Если вести отсчет от таких уровней, то сокращение популяции было катастрофическим. К 1568 году, менее чем через полвека после того, как Кортес положил начало эпидемиологическим и прочим обменам между индейскими и европейскими популяциями, население Центральной Мексики сократилось до примерно 3 млн человек, то есть примерно до десятой части от того, что имелось на момент высадки Кортеса[252]. Сокращение населения продолжалось еще пятьдесят лет, хотя и не такими быстрыми темпами. Низшей точки примерно в 1,6 млн человек численность населения Мексики достигла к 1620 году. Восстановление определенно не наступало еще тридцать лет и оставалось очень медленным до XVIII века.
Столь же радикальное уничтожение прежде существовавших индейских обществ имело место и в других частях американского континента, продолжившись до самого XX века. Катастрофу можно ожидать всякий раз, когда какое-либо прежде далекое и изолированное племя вступает в контакт с внешним миром и сталкивается с рядом разрушительных и деморализующих эпидемий. Насколько безжалостным и, похоже, неодолимым может быть подобный процесс, продемонстрирует один сравнительно недавний наглядный сюжет{34}. В 1903 году южноамериканское индейское племя каяпо приняло к себе некоего миссионера — одного-единственного священника, который прилагал все усилия, чтобы оградить свою паству от грехов и опасностей цивилизации. Когда он прибыл, племя насчитывало 6–8 тысяч здоровых людей, но к 1918 году выжило всего пятьсот человек. К 1927 году были живы только 27 человек, а в 1950 году существовало лишь два или три человека, происходивших из каяпо, а само племя полностью исчезло — и все это несмотря на лучшие побуждения и намеренные попытки оградить индейцев от болезней, а также других рисков внешних контактов[253].

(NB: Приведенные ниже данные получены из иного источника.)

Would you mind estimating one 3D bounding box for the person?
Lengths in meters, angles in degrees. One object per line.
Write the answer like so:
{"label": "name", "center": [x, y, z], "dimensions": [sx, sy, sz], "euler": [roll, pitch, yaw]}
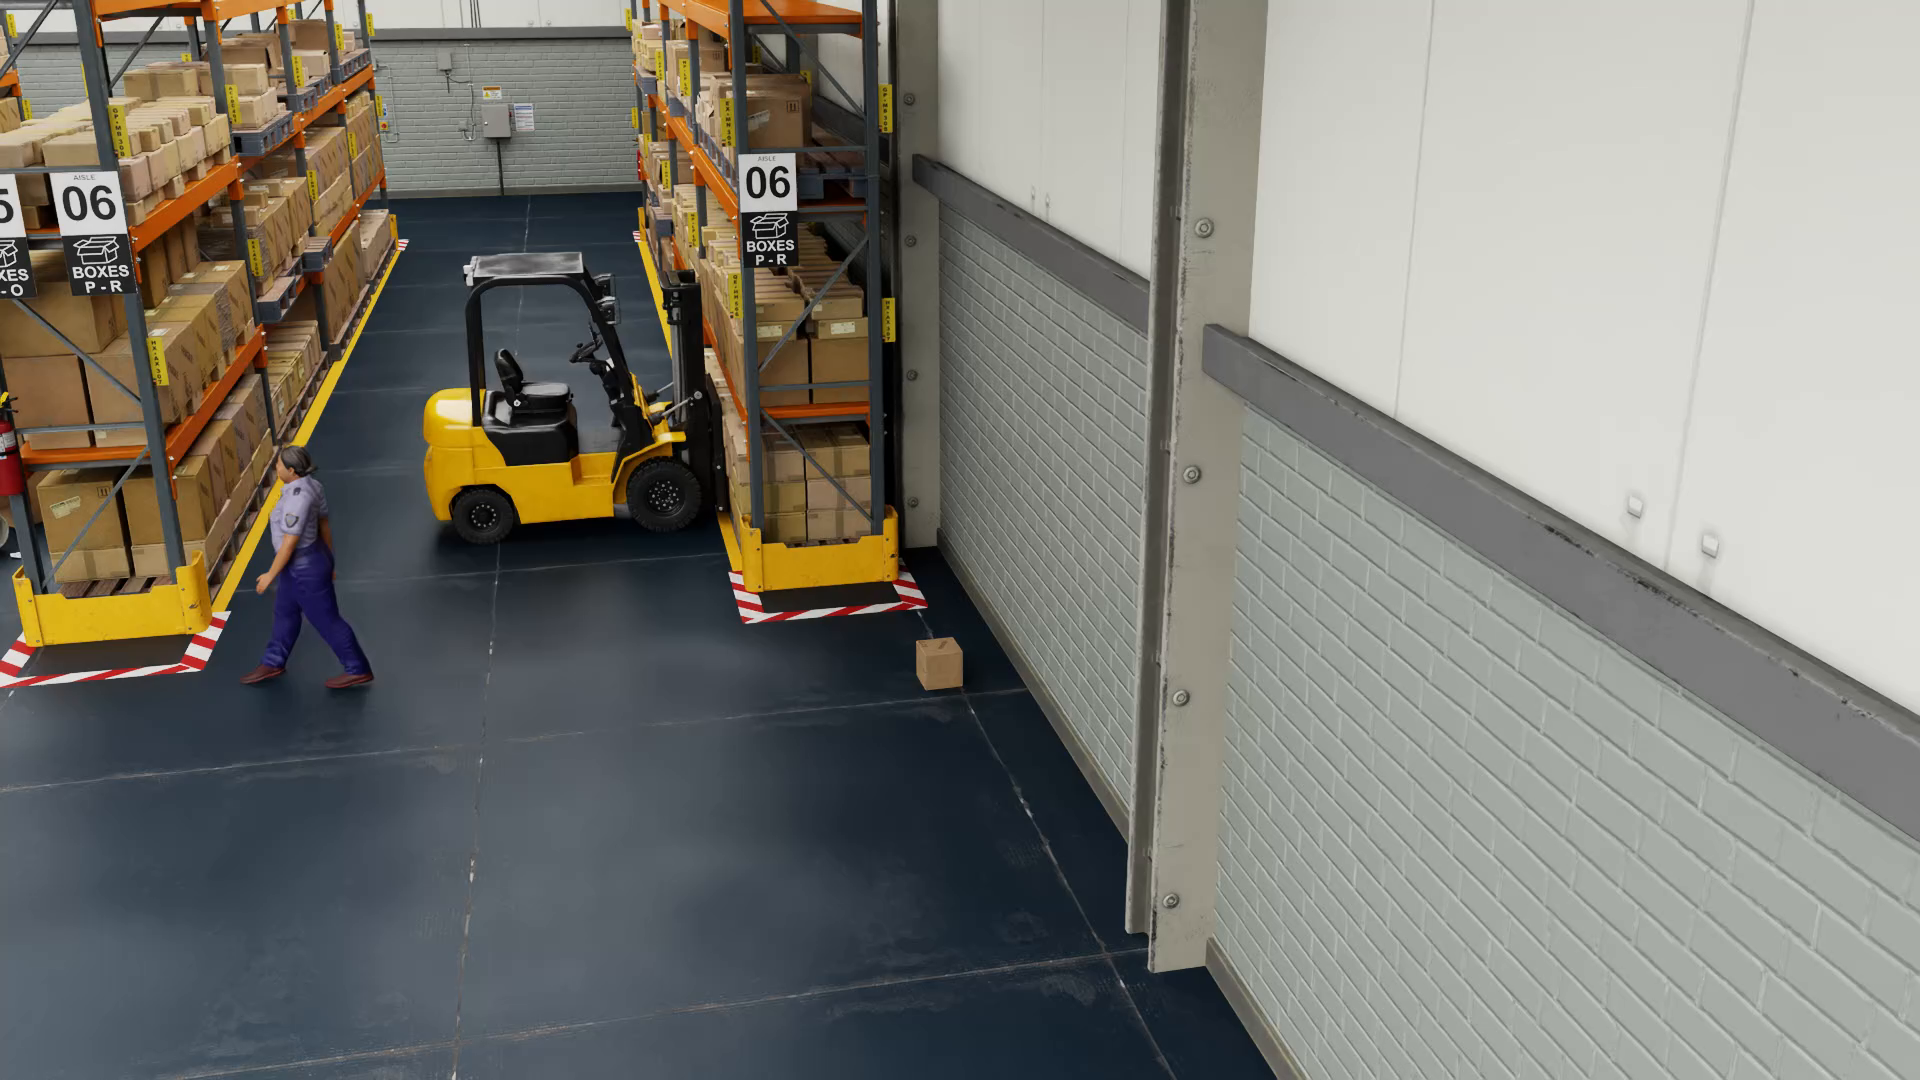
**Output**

В избытке присутствуют и другие примеры стремительных и непоправимых бедствий. Например, открытие Аляскинской автострады (AlCan) в 1942–1943 годах подвергло одно из удаленных индейских обществ Аляски кори, краснухе, дизентерии, коклюшу, паротиту, тонзиллитам, менингитам и катаральной желтухе всего за один год! Правда, благодаря воздушному сообщению с современными больницами от них умерло лишь 7 из 130 человек. Чуть более столетия до этого, в 1837 году, племя манданов из Высоких равнин оказалось запертым в двух обороняемых лагерях своими неприятелями из индейцев сиу, когда разразилась эпидемия.
В результате всего за несколько недель численность майданов сократилась примерно с двух тысяч до каких-то 3040 выживших, которые были тут же взяты в плен противником, в результате чего племя манданов прекратило свое существование[254].
Нам, живущим в эпоху почти всемирного роста населения, сложно вообразить подобные катастрофы. Даже без полного уничтожения наподобие того, что постигло манданов и каяпо, 90-процентное сокращение численности популяции за 120 лет (т. е. в течение пяти-шести человеческих поколений), как это произошло в Мексике и Перу, ведет к радикальным психологическим и культурным последствиям. Вера в устоявшиеся институты и принципы не может с легкостью противостоять подобным бедствиям, навыки и знания исчезают. Именно это в действительности и позволило испанцам добиться таких значительных результатов в переносе в Новый Свет своих культуры и языка, которые приобрели нормативный характер даже в тех регионах, где миллионы индейцев прежде жили в соответствии со своими правилами и традициями.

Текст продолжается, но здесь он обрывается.